§ **Exercise goal**:
Copy the listing that follows, line for line, without a single difference.

#####

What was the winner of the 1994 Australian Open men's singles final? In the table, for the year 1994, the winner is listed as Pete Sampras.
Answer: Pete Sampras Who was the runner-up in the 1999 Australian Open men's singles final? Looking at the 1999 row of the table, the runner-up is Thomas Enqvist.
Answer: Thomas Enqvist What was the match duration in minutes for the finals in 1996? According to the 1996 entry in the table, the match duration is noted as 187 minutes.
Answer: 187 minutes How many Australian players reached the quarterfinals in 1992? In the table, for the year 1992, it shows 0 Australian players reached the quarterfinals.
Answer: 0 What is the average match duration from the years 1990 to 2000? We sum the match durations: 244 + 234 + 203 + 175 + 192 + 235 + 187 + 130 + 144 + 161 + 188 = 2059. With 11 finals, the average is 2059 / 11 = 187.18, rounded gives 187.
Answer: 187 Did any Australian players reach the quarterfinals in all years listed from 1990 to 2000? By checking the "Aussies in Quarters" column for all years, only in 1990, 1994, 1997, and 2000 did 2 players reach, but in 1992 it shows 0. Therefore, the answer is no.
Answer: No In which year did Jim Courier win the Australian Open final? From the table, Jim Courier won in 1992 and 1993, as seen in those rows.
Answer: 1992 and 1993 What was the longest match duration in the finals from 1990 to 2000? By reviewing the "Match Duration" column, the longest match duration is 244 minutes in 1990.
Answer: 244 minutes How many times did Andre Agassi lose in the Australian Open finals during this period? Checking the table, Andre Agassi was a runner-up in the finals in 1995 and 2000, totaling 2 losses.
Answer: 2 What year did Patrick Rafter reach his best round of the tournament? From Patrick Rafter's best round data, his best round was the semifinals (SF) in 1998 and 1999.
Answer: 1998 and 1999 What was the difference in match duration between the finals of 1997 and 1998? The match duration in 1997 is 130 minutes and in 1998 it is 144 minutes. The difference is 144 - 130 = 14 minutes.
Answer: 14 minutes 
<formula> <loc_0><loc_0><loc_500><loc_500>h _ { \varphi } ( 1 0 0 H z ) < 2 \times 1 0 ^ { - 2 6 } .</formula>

#####

§ **Exercise solution**:
What was the winner of the 1994 Australian Open men's singles final? In the table, for the year 1994, the winner is listed as Pete Sampras.
Answer: Pete Sampras Who was the runner-up in the 1999 Australian Open men's singles final? Looking at the 1999 row of the table, the runner-up is Thomas Enqvist.
Answer: Thomas Enqvist What was the match duration in minutes for the finals in 1996? According to the 1996 entry in the table, the match duration is noted as 187 minutes.
Answer: 187 minutes How many Australian players reached the quarterfinals in 1992? In the table, for the year 1992, it shows 0 Australian players reached the quarterfinals.
Answer: 0 What is the average match duration from the years 1990 to 2000? We sum the match durations: 244 + 234 + 203 + 175 + 192 + 235 + 187 + 130 + 144 + 161 + 188 = 2059. With 11 finals, the average is 2059 / 11 = 187.18, rounded gives 187.
Answer: 187 Did any Australian players reach the quarterfinals in all years listed from 1990 to 2000? By checking the "Aussies in Quarters" column for all years, only in 1990, 1994, 1997, and 2000 did 2 players reach, but in 1992 it shows 0. Therefore, the answer is no.
Answer: No In which year did Jim Courier win the Australian Open final? From the table, Jim Courier won in 1992 and 1993, as seen in those rows.
Answer: 1992 and 1993 What was the longest match duration in the finals from 1990 to 2000? By reviewing the "Match Duration" column, the longest match duration is 244 minutes in 1990.
Answer: 244 minutes How many times did Andre Agassi lose in the Australian Open finals during this period? Checking the table, Andre Agassi was a runner-up in the finals in 1995 and 2000, totaling 2 losses.
Answer: 2 What year did Patrick Rafter reach his best round of the tournament? From Patrick Rafter's best round data, his best round was the semifinals (SF) in 1998 and 1999.
Answer: 1998 and 1999 What was the difference in match duration between the finals of 1997 and 1998? The match duration in 1997 is 130 minutes and in 1998 it is 144 minutes. The difference is 144 - 130 = 14 minutes.
Answer: 14 minutes 
<formula> <loc_0><loc_0><loc_500><loc_500>h _ { \varphi } ( 1 0 0 H z ) < 2 \times 1 0 ^ { - 2 6 } .</formula>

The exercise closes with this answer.